Am J Med Genet. 1990 Jul;36(3):269-72. doi: 10.1002/ajmg.1320360303.
In 3 families 4 patients were affected with the syndrome of brittle cornea, blue sclera, and hyperextensible joints (brittle cornea syndrome). From the review of 17 affected patients described previously and our cases, it appears that this rare autosomal recessive syndrome has variable expressivity. Two different groups of patients may be distinguished: one includes 5 families, all of Tunisian Jewish origin. All patients in this group also have red hair. In the second group, 9 families are from various ethnic origins; affected patients in this group have a normal distribution of hair color.

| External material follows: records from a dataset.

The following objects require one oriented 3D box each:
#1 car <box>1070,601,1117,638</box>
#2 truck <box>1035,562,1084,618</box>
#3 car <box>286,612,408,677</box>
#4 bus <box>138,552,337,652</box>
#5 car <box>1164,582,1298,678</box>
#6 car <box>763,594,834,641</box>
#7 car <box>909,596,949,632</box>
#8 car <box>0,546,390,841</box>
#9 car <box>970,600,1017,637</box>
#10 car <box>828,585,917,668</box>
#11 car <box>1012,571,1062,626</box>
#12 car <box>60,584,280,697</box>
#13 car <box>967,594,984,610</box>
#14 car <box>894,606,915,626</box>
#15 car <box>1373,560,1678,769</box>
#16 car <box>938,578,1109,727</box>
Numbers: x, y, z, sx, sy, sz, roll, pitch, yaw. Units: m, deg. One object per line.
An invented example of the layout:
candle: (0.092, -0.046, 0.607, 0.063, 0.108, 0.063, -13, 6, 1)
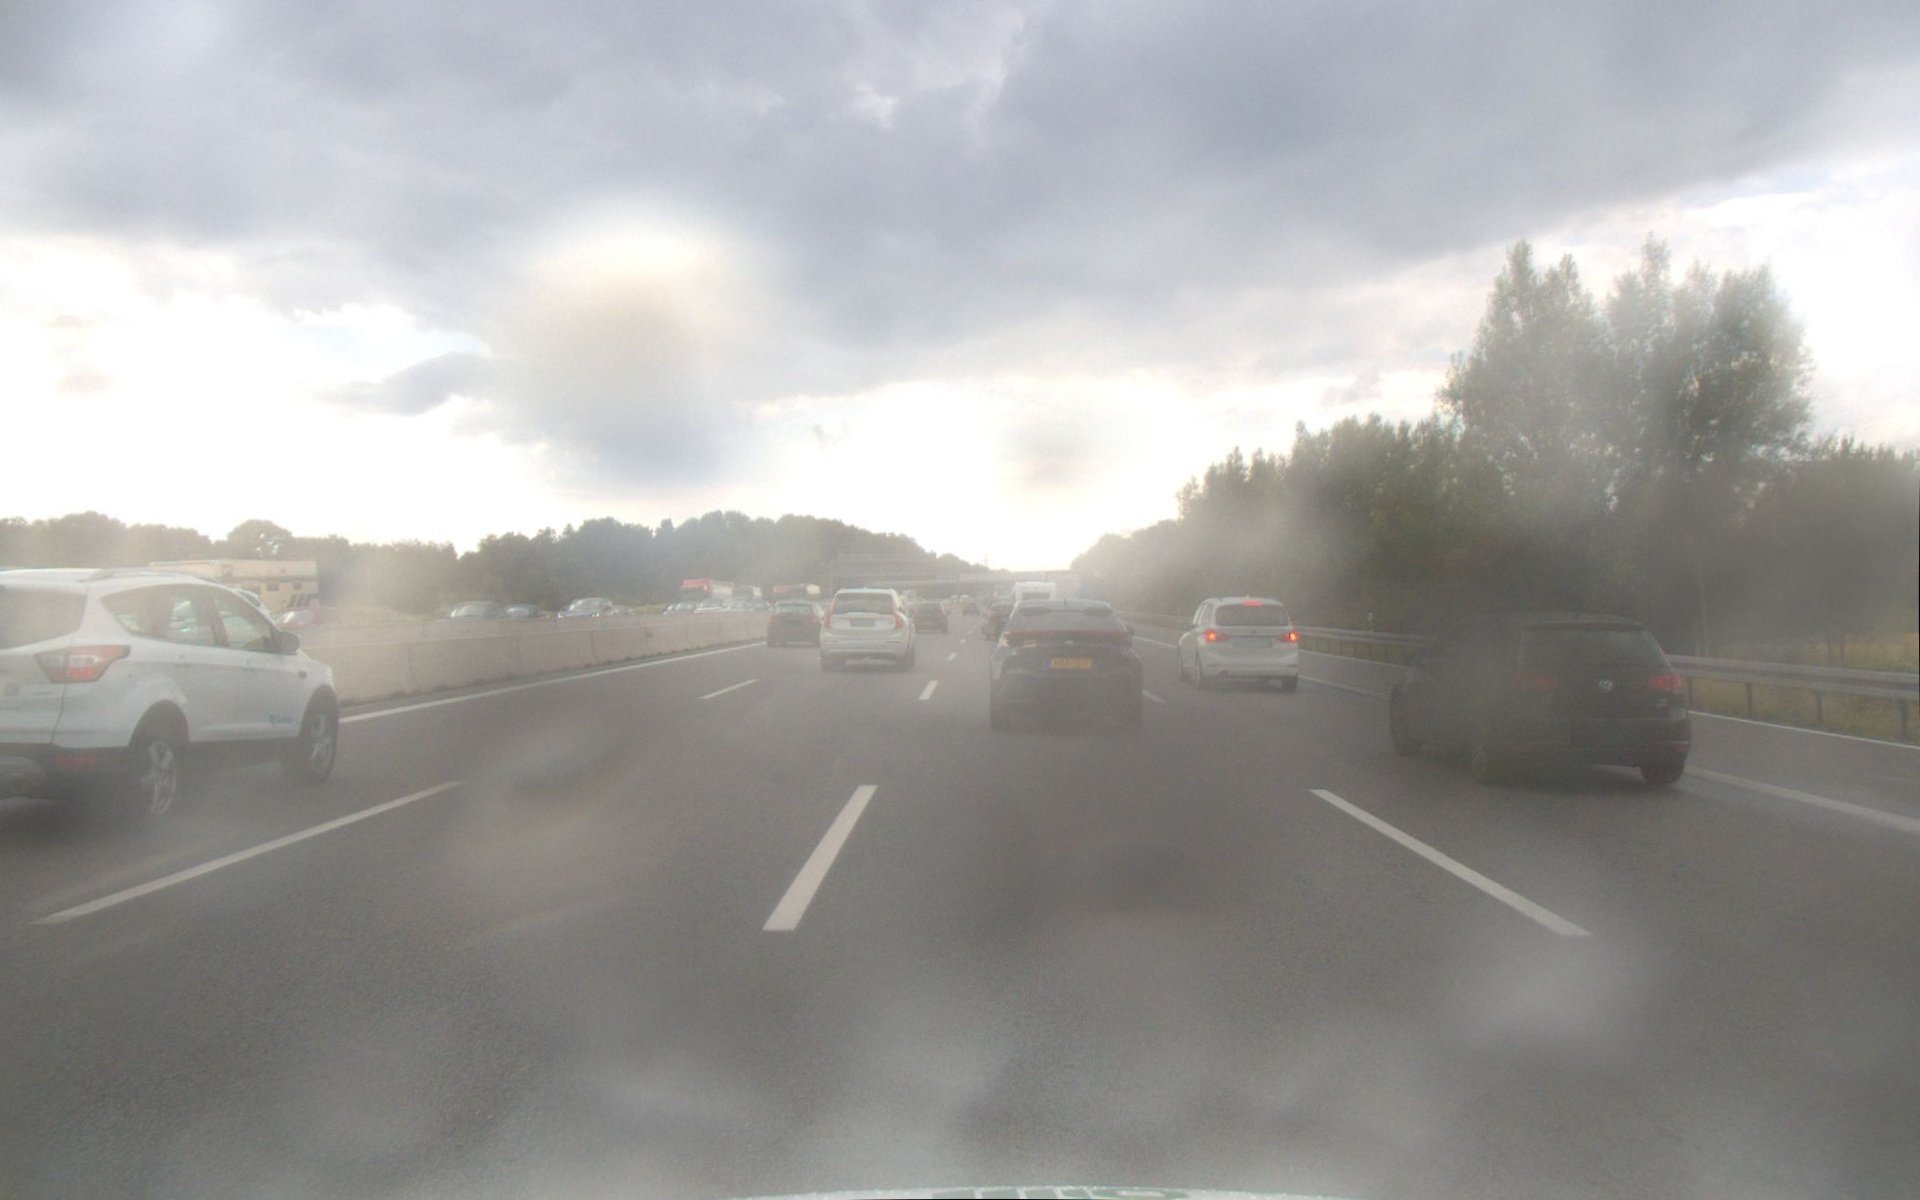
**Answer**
car: (5.502, 0.777, 68.471, 1.758, 1.503, 4.038, 0, 0, 2)
truck: (6.923, -0.637, 116.328, 3.068, 3.774, 9.849, 0, 0, 2)
car: (-18.667, 1.319, 50.600, 1.952, 1.860, 4.638, 0, 0, 1)
bus: (-26.525, 0.081, 61.401, 2.772, 3.391, 9.965, 0, 0, 2)
car: (4.905, 0.509, 30.518, 1.773, 1.627, 4.696, 0, 0, 1)
car: (-5.352, 0.573, 55.343, 1.743, 1.507, 4.354, 0, 0, 3)
car: (-1.471, 0.659, 79.721, 1.842, 1.715, 4.000, 0, 0, 0)
car: (-5.958, 0.540, 12.080, 1.777, 1.719, 4.853, 0, 0, 2)
car: (1.364, 0.735, 66.773, 1.846, 1.431, 4.283, 0, 0, 2)
car: (-1.894, 0.565, 36.843, 1.744, 1.746, 4.352, 0, 0, 0)
car: (4.297, -0.071, 93.289, 2.514, 2.946, 7.533, 0, 0, 0)
car: (-15.326, 0.732, 32.421, 1.952, 2.049, 4.764, 0, 0, 1)
car: (1.661, 0.254, 179.748, 1.842, 1.715, 4.000, 0, 0, 0)
car: (-4.375, 1.240, 130.017, 1.531, 1.503, 3.919, 0, 0, 0)
car: (5.064, 0.517, 15.431, 1.671, 1.659, 4.459, 0, 0, 5)
car: (0.671, 0.580, 20.571, 1.745, 1.641, 4.595, 0, 0, -3)

A possible explanation for the existence of these 2 different group of patients is that the locus of the gene responsible for the syndrome is closely linked to the locus for a gene responsible for hair color with linkage disequilibrium in Tunisian Jews (Sepharadim).
在3个家族中,有4名患者患有角膜脆裂、巩膜蓝染和关节过度伸展综合征(脆角膜综合征)。通过回顾先前描述的17名受累患者及我们的病例,似乎这种罕见的常染色体隐性综合征具有可变的表达性。可区分出两组不同的患者:一组包括5个家族,均为突尼斯犹太裔。该组所有患者均为红头发。在第二组中,9个家族来自不同种族;该组受累患者的头发颜色呈正常分布。这两组不同患者存在的一个可能解释是,导致该综合征的基因位点与导致头发颜色的基因位点紧密连锁,在突尼斯犹太人(西班牙系犹太人)中存在连锁不平衡。